Student veterans need more resources

The number of student veterans in the University of Wisconsin System has doubled since 2005, and is expected to continue to increase. While UW-Milwaukee is home to the most student veterans receiving GI benefits in the state, educating more than double the number enrolled at UW-Madison, all UW schools are involved. This has caused the UW System Board of Regents to give the situation more attention than before.

Board of Regents Vice President Michael Falbo, an army veteran who enrolled at UW-Parkside after serving in the Vietnam Medical Corps, recently encouraged the UW System to put forth extra efforts for their student veterans. He remembered the transition from military to university as “cultural whiplash” and explained to the Board that veterans face a number of obstacles traditional students do not.

He’s right, of course. Student veterans have needs that students coming straight from high school don’t have, and it’s the UW System’s responsibility as a public institution to make sure those needs are met. While efforts have been made and UW colleges are working toward better resources for veterans, there are still improvements to be made. However, it seems UW-Madison already has great resources for students who served in the military.

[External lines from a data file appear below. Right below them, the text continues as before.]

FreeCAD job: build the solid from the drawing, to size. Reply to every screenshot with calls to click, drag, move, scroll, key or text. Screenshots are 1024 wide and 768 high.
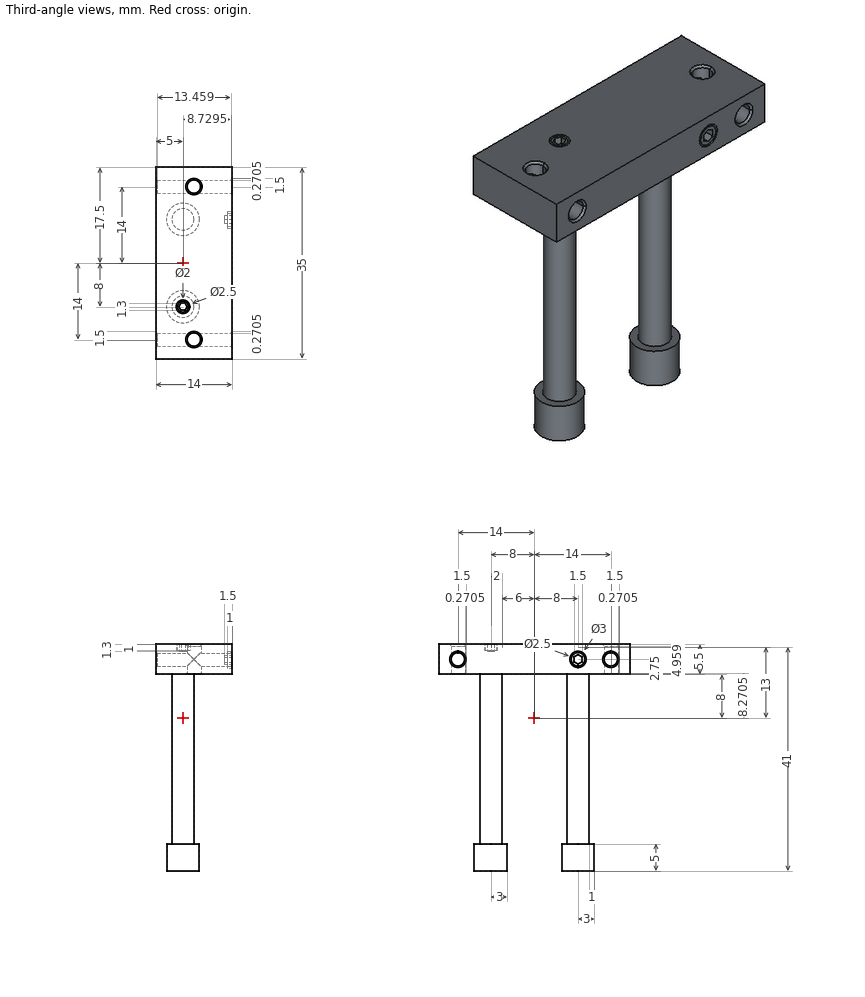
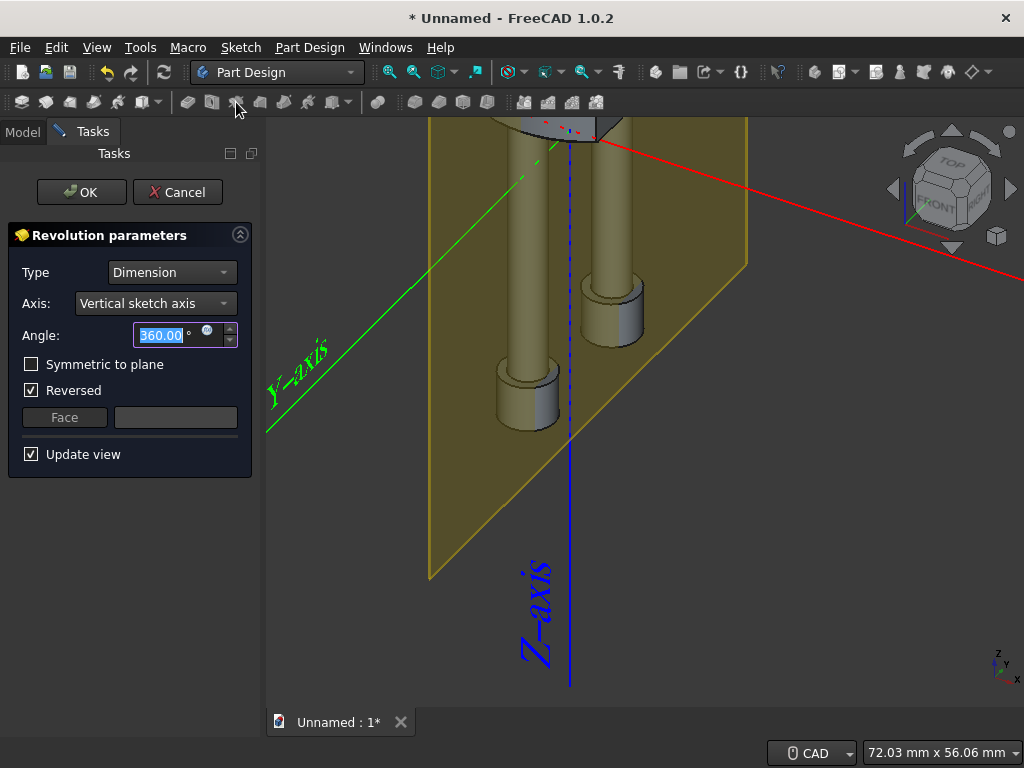
click(156, 304)
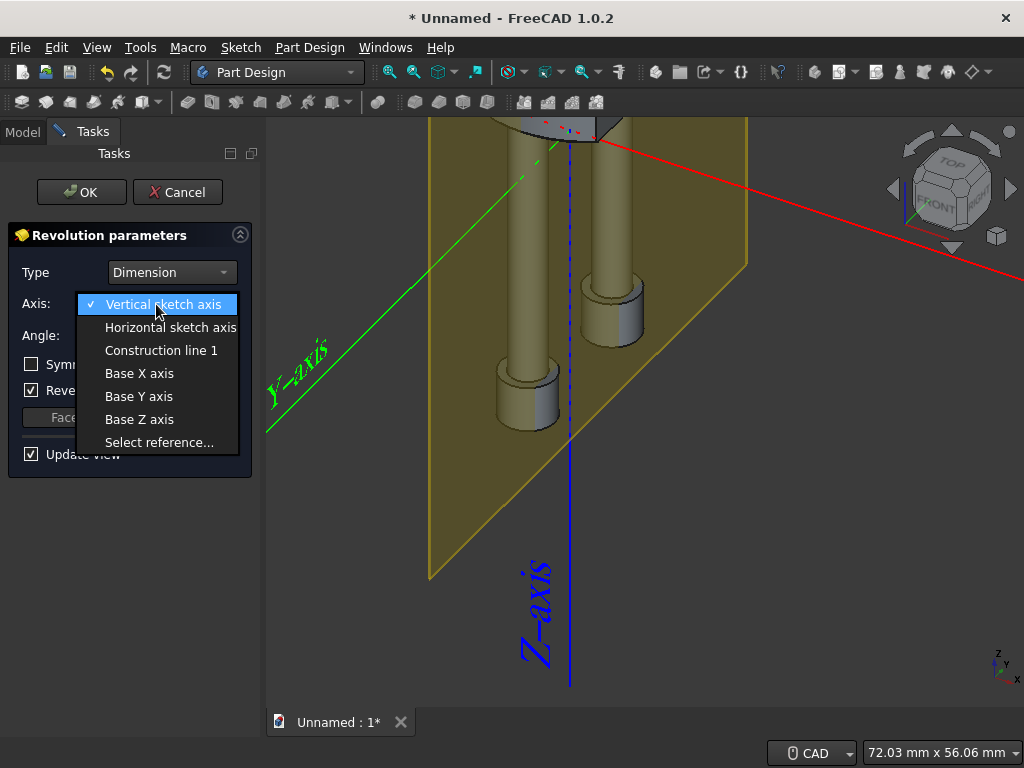
click(156, 350)
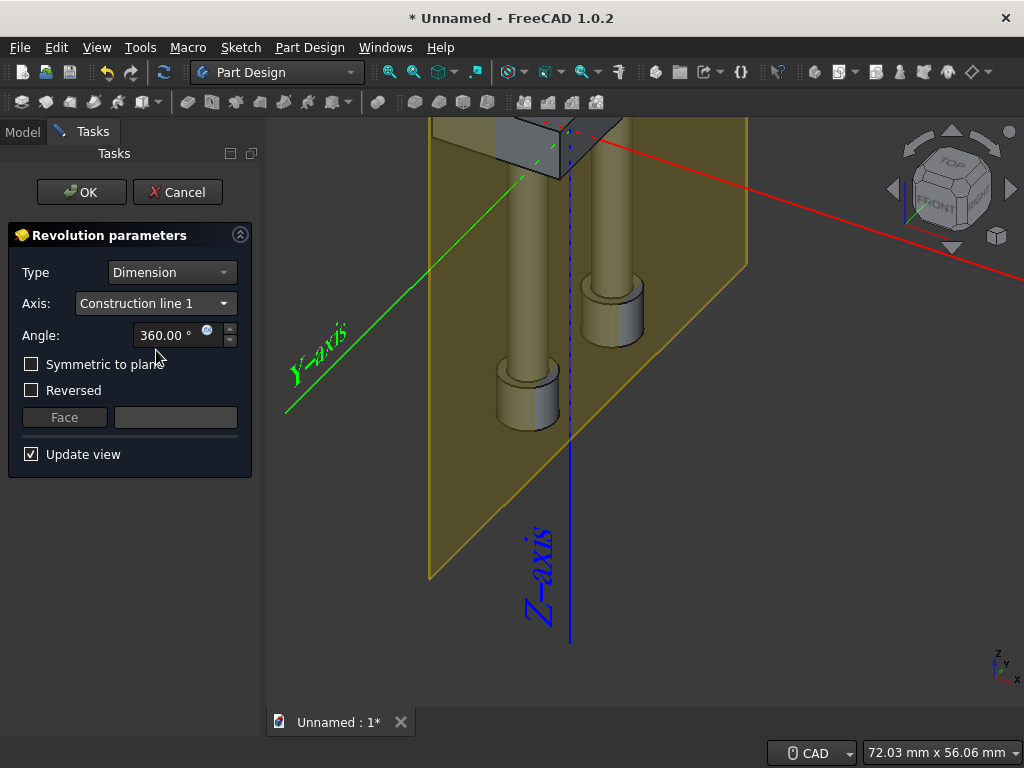
click(82, 192)
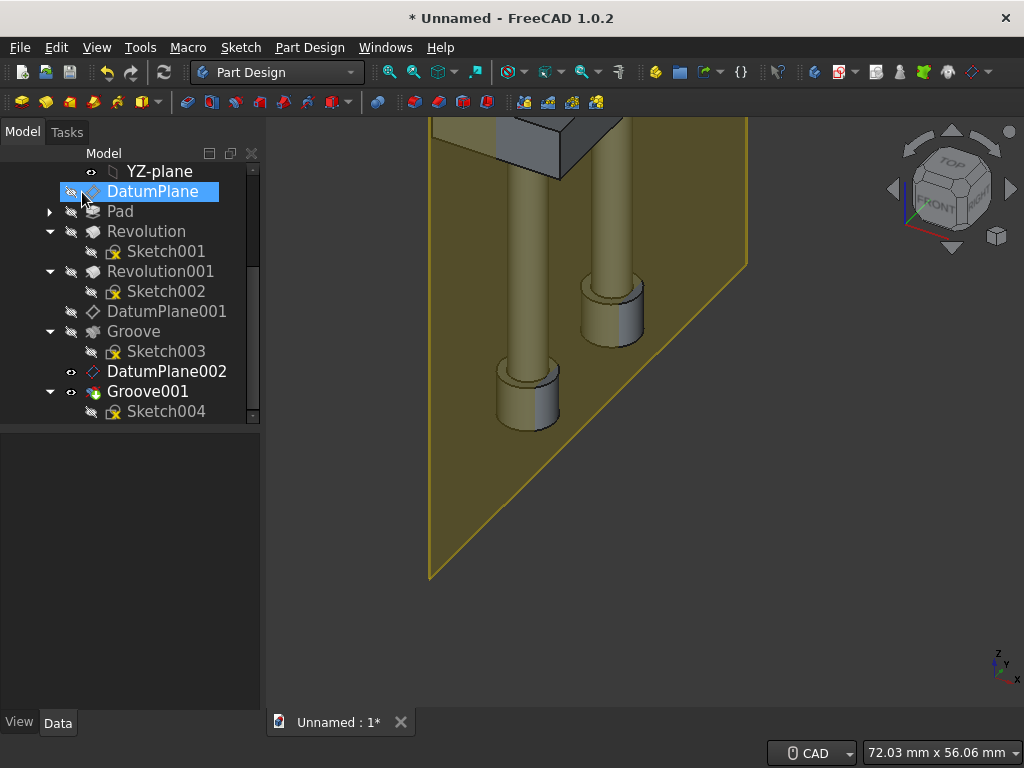
click(116, 372)
key(space)

UW-Madison has made great strides in the past few years toward a welcoming and helpful environment for student veterans. Vets for Vets, the UW-Madison Student Veterans Association chapter, has its own space in the SAC where it holds meetings for veterans to socialize and learn about more opportunities, and the UW-Madison Law School just opened a free legal clinic for veterans dealing with non-criminal issues such as divorce and foreclosure this month. UW-Madison websites and offices also offer information about nearby off-campus resources for veterans, like the Madison Veterans Center and the Dane County Veterans Service Office. The university even provides housing exclusively for non-first-years transfer students, or student veterans.

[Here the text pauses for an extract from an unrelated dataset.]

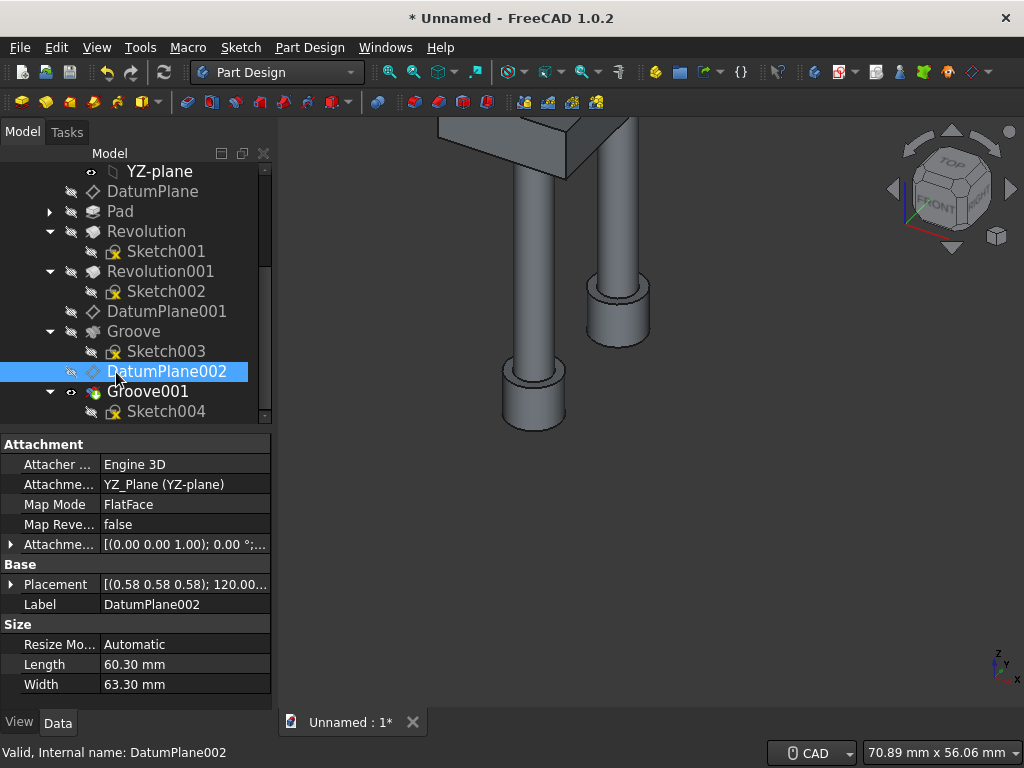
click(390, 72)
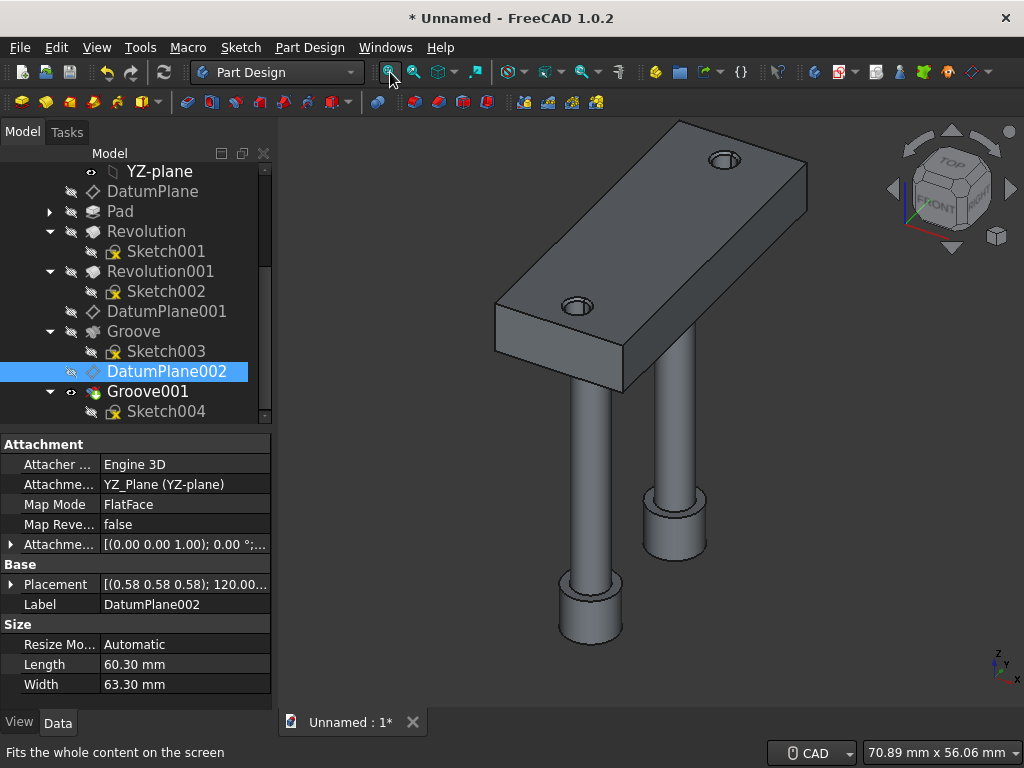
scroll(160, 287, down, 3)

In all, UW-Madison has done very well in making resources available to student veterans, and when the university can’t meet their needs, it provides the necessary information to find those resources elsewhere. But, looking at other UW colleges’ plans, there are a few areas in which UW-Madison might improve.

An additional resource the university might consider instituting is a lounge for veterans where they can socialize and gain a real sense of belonging at their university. Several other UW campuses have such lounges, and while UW-Madison’s Vets for Vets group provides something similar to this twice monthly, there isn’t an informal place for student veterans to gather.

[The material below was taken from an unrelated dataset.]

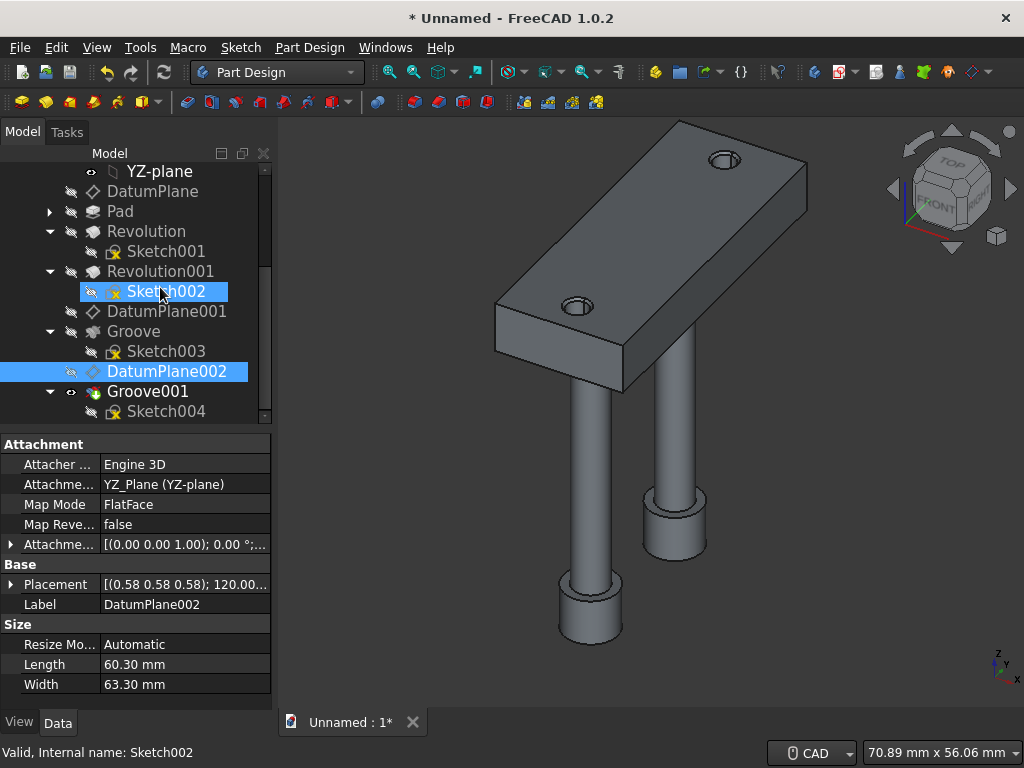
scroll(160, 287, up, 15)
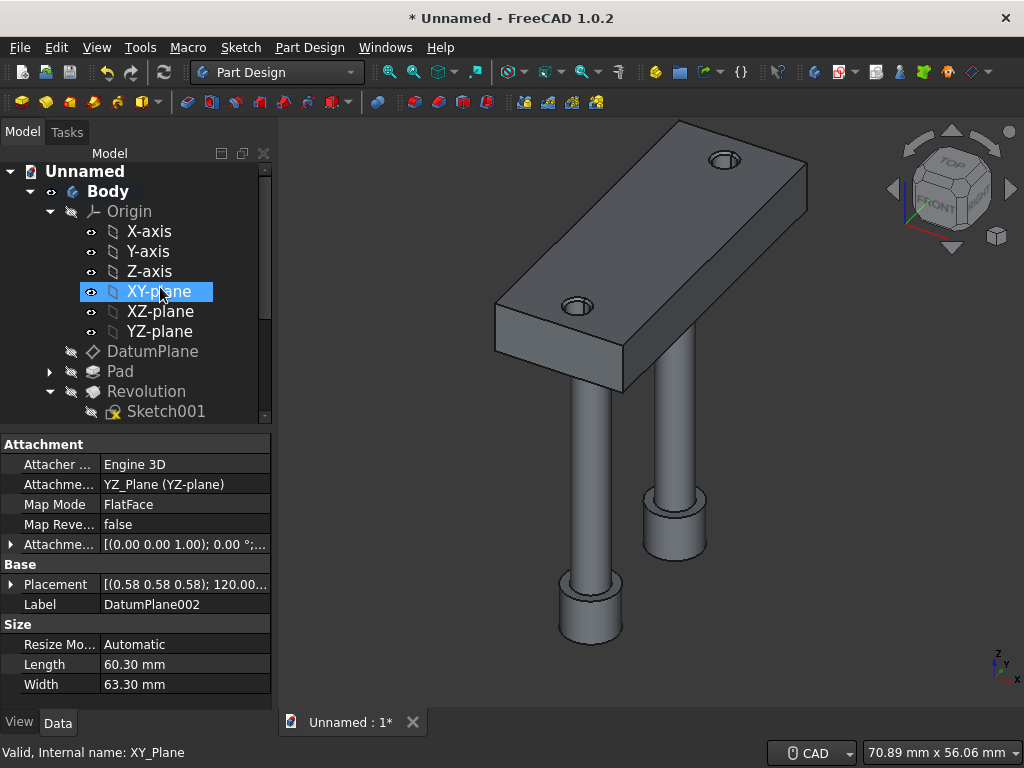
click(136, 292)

The university might also try to address the culture shock a veteran could experience going back to the classroom. UW-Green Bay’s veteran’s financial advisor, Elaina Koltz, told The Milwaukee Journal Sentinel, “In the military, one person talks and everyone listens,” but in the classroom, students are often texting, doodling or surfing the web. A veteran would consider this highly disrespectful and distracting, a huge barrier to their academic success, while another student views it as commonplace.

Koltz’s solution to this problem is practical, too: “What we’re looking to do is have a … separate section of an English class just for veterans or service members.” Offering separate classes in several subjects would allow veterans to bond with people who are in similar situations and get used to college culture, working in the same way as UW-Madison’s First-year Interest Groups. This is perhaps the most easily implemented resource for veterans; it has minimal additional cost, can be modeled after a program UW-Madison already uses, and could be key in acclimating veterans to their new lives as students.

Really, this is one of the few feasible additions to UW-Madison’s resources for veterans. Though a veterans’ lounge is good in theory, UW-Madison has so many students and so little space, a permanent lounge simply wouldn’t work. UW-Madison has done an excellent job of implementing fantastic resources for its student veterans when possible, and though there is some room for improvement, if the university continues to do what it is already doing it may quickly become the ideal college for veterans.